Шпала хмыкнул, выбрал взглядом самый чистый стул и также уселся.

– Фигня, у Ираклия не лучше было, – сказал он, закурил и добавил: – Бать, а чё так холодно-то?

– Я же говорил, – пробасил плюгавый мужичок, – морг это.

Лиза взвизгнула и опустилась на стул. Непрерывно растерянно моргая, с открытым ртом, непонимающе уставилась на спутников.

– Гонишь, батя, ничего ты не говорил, – затягиваясь сигаретой, сказал Шпала, – только про каких-то покойников.

– А в морге что, не покойники? – ничуть не смущаясь, ответил мужчина.

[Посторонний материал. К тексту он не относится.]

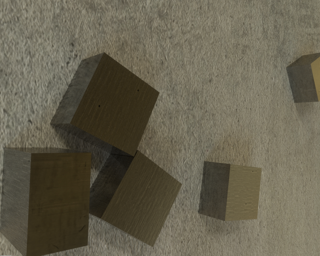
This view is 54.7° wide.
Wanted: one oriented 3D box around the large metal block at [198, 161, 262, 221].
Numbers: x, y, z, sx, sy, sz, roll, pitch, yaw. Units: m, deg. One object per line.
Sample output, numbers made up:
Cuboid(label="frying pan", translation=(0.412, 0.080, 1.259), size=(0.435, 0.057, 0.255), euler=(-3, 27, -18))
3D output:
Cuboid(label="large metal block", translation=(0.110, 0.096, 0.480), size=(0.081, 0.050, 0.080), euler=(12, 83, -39))

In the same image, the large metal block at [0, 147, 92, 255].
Cuboid(label="large metal block", translation=(-0.106, 0.060, 0.280), size=(0.050, 0.080, 0.080), euler=(3, 88, -40))

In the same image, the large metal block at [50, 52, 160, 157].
Cuboid(label="large metal block", translation=(-0.058, -0.023, 0.340), size=(0.080, 0.050, 0.080), euler=(33, 70, -35))

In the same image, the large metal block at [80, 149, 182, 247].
Cuboid(label="large metal block", translation=(-0.032, 0.079, 0.362), size=(0.080, 0.050, 0.080), euler=(42, 65, -32))

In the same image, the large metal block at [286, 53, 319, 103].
Cuboid(label="large metal block", translation=(0.317, -0.107, 0.653), size=(0.081, 0.050, 0.080), euler=(-33, 111, -35))
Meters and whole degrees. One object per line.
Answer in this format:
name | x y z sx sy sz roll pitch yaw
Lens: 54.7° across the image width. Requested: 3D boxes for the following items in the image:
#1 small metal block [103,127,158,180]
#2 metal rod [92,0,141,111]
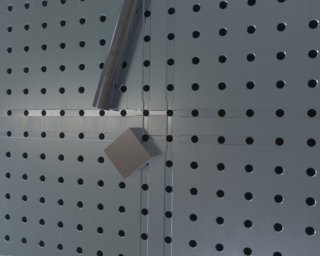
small metal block | -0.040 0.034 0.427 0.050 0.025 0.050 -41 77 15
metal rod | -0.041 -0.170 0.426 0.025 0.025 0.298 19 96 19
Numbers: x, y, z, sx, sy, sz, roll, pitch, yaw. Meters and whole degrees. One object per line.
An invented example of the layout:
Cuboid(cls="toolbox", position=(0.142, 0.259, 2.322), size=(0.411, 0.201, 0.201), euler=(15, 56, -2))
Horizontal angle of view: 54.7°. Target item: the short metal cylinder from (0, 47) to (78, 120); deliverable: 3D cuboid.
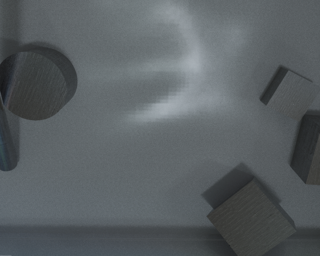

– Логично, – усмехнулся Шпала.

Ему было абсолютно всё равно, профессия бандита по определению не позволяла бояться и брезговать трупов.

– А откуда мертвяки, город-то далеко? – спросил он.

– Богадельня у нас тут, со всего района придурков, калек и стариков подыхать свозят.

– Подыхать?

– А что по-твоему – жить, что ли. Не Баден-Баден поди и не подмосковный профилакторий. Все немощные, под себя многие ходят, им только и осталось, что смерти ждать. Глядишь, "там" повеселее будет.

Шпале были мало интересны постояльцы богадельни, он не стал развивать тему жизни и смерти.

– А сама богадельня где, что-то не видел я её? – спросил он.

– Рядом, метров пятьсот, за пригорком, – батя кашлянул и представился. – Меня Фёдором зовут.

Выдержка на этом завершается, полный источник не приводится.